*EXERCISE AIM*:
Restate word for word the lines of the entries below, starting with the line that holds "text 2. Het" and ending with the line that holds "text A [248, 569, 1163, 591]", and no others.

(Stored items)
★ ★ ★ ★ ★

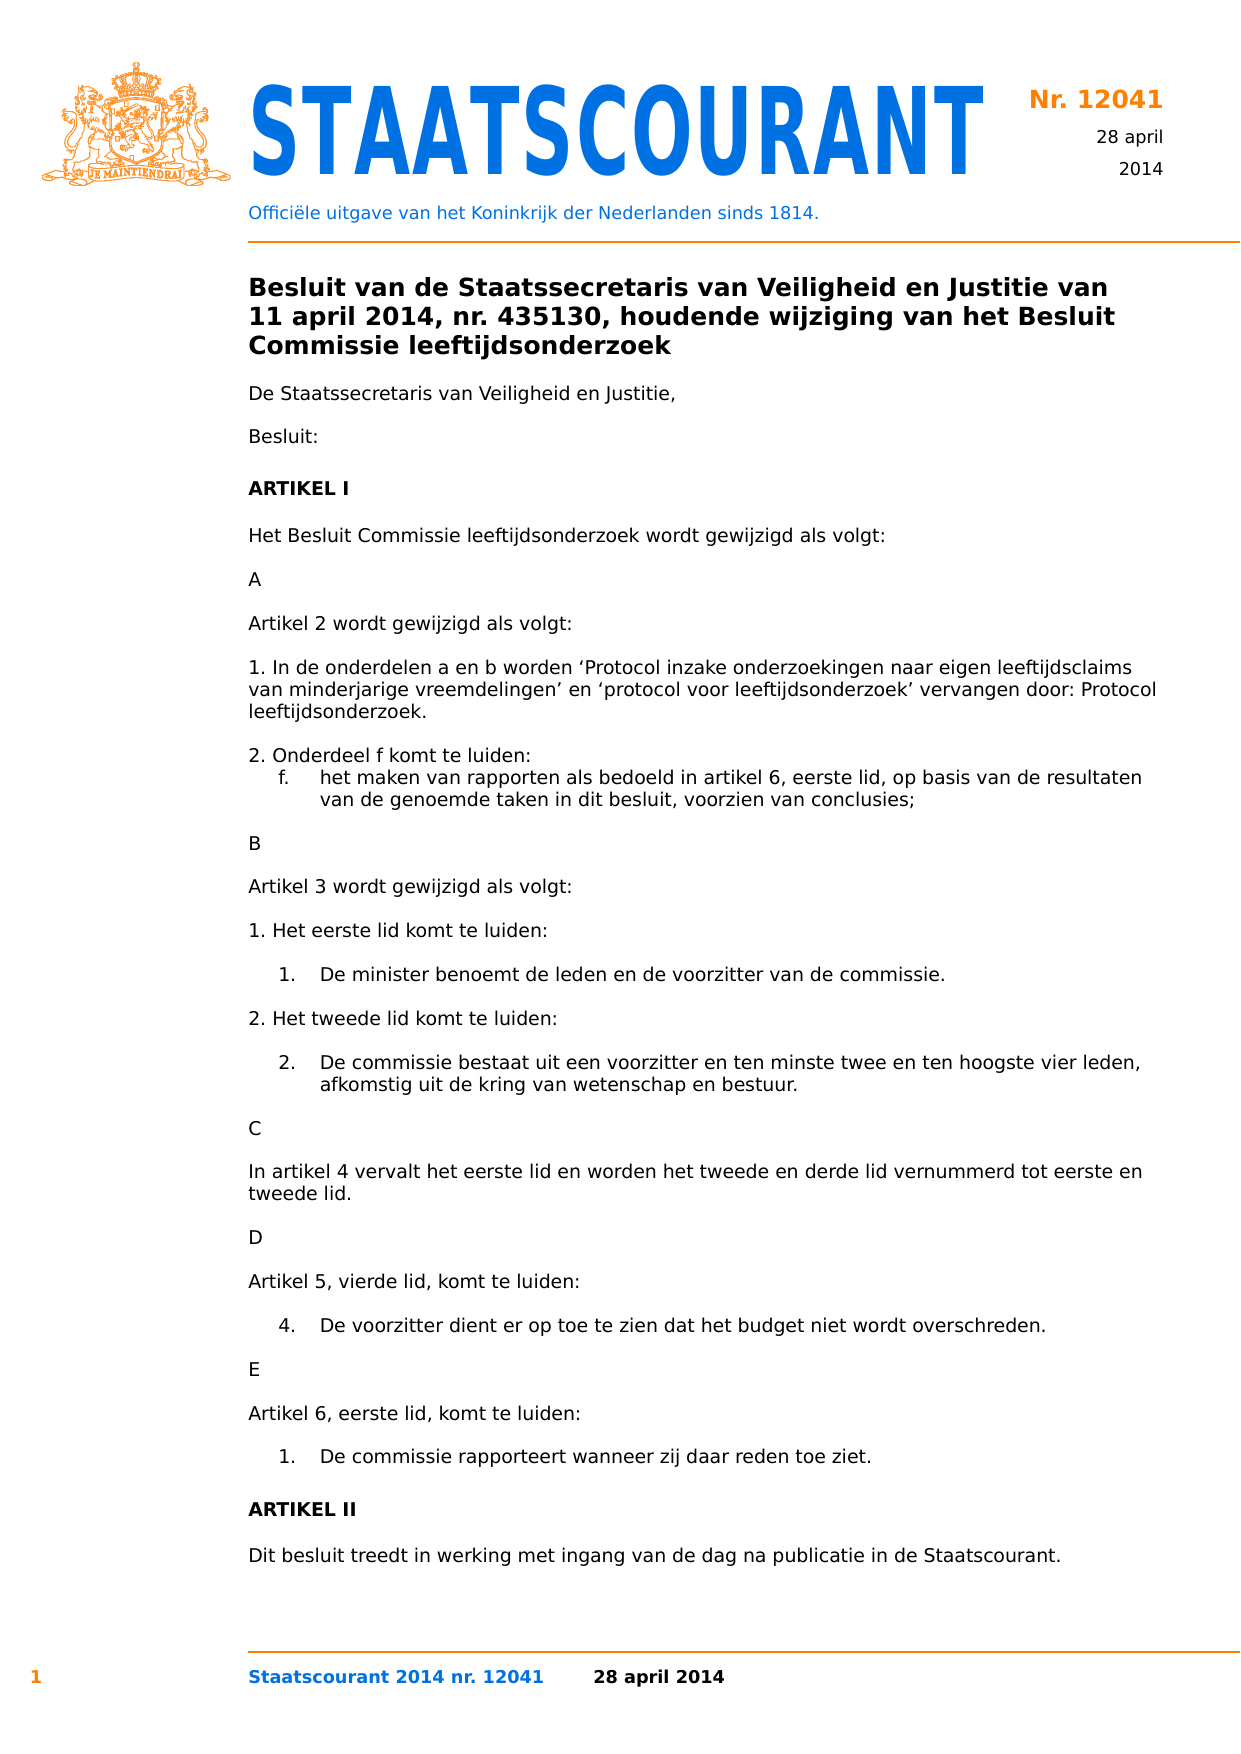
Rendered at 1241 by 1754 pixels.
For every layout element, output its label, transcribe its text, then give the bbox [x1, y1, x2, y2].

text 1. Het eerste lid komt te luiden: [248, 920, 1163, 942]
text 2. Onderdeel f komt te luiden: [248, 744, 1163, 767]
text Dit besluit treedt in werking met ingang van de dag na publicatie in de Staatscourant. [248, 1545, 1163, 1567]
table_cell 2014 [998, 153, 1240, 203]
text In artikel 4 vervalt het eerste lid en worden het tweede en derde lid vernummerd tot eerste en tweede lid. [248, 1161, 1163, 1205]
subtitle Besluit van de Staatssecretaris van Veiligheid en Justitie van 11 april 2014, nr. 435130, houdende wijziging van het Besluit Commissie leeftijdsonderzoek [248, 273, 1163, 361]
table_cell Officiële uitgave van het Koninkrijk der Nederlanden sinds 1814. [248, 203, 1240, 241]
picture [41, 62, 231, 186]
text B [248, 832, 1163, 854]
text 2. De commissie bestaat uit een voorzitter en ten minste twee en ten hoogste vier leden, afkomstig uit de kring van wetenschap en bestuur. [278, 1052, 1163, 1096]
text f. het maken van rapporten als bedoeld in artikel 6, eerste lid, op basis van de resultaten van de genoemde taken in dit besluit, voorzien van conclusies; [278, 767, 1163, 811]
table_header STAATSCOURANT [248, 62, 998, 203]
text Artikel 2 wordt gewijzigd als volgt: [248, 613, 1163, 635]
text Artikel 6, eerste lid, komt te luiden: [248, 1403, 1163, 1424]
subtitle ARTIKEL I [248, 478, 1163, 500]
text Artikel 5, vierde lid, komt te luiden: [248, 1271, 1163, 1293]
text 1. De minister benoemt de leden en de voorzitter van de commissie. [278, 964, 1163, 986]
table_header [25, 62, 248, 241]
text 4. De voorzitter dient er op toe te zien dat het budget niet wordt overschreden. [278, 1315, 1163, 1337]
table_header Nr. 12041 [998, 62, 1240, 121]
text Het Besluit Commissie leeftijdsonderzoek wordt gewijzigd als volgt: [248, 525, 1163, 547]
text Artikel 3 wordt gewijzigd als volgt: [248, 876, 1163, 898]
text 2. Het tweede lid komt te luiden: [248, 1008, 1163, 1030]
text C [248, 1117, 1163, 1139]
subtitle ARTIKEL II [248, 1498, 1163, 1520]
text 1. De commissie rapporteert wanneer zij daar reden toe ziet. [278, 1446, 1163, 1468]
text Besluit: [248, 426, 1163, 448]
text A [248, 569, 1163, 591]
text 1. In de onderdelen a en b worden ‘Protocol inzake onderzoekingen naar eigen leeftijdsclaims van minderjarige vreemdelingen’ en ‘protocol voor leeftijdsonderzoek’ vervangen door: Protocol leeftijdsonderzoek. [248, 657, 1163, 723]
text D [248, 1227, 1163, 1249]
table_cell 28 april [998, 121, 1240, 153]
text De Staatssecretaris van Veiligheid en Justitie, [248, 382, 1163, 404]
text E [248, 1359, 1163, 1381]
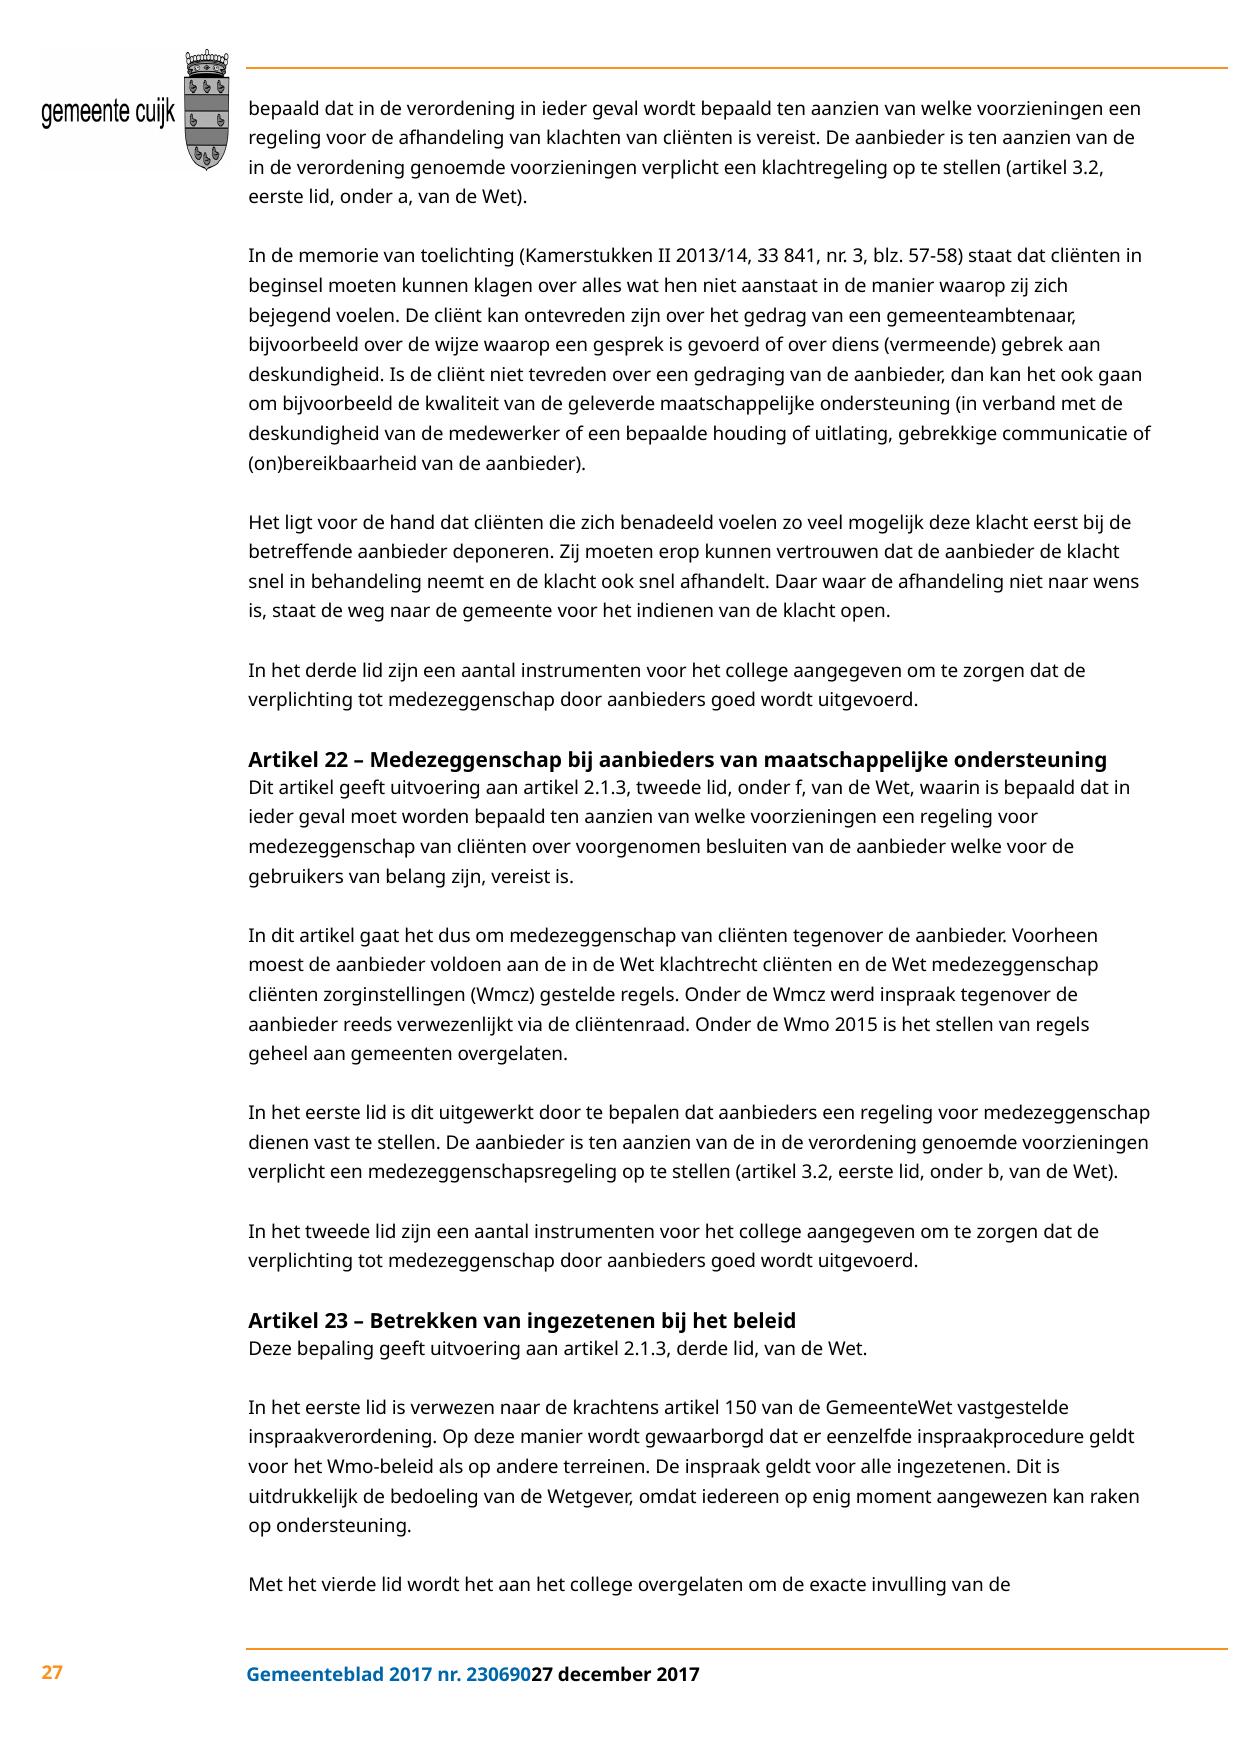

★ ★ ★ ★ ★

*WRITTEN ANSWER*:
text 2. Het tweede lid komt te luiden: [248, 1008, 1163, 1030]
text C [248, 1117, 1163, 1139]
subtitle ARTIKEL II [248, 1498, 1163, 1520]
text 1. De commissie rapporteert wanneer zij daar reden toe ziet. [278, 1446, 1163, 1468]
text Besluit: [248, 426, 1163, 448]
text A [248, 569, 1163, 591]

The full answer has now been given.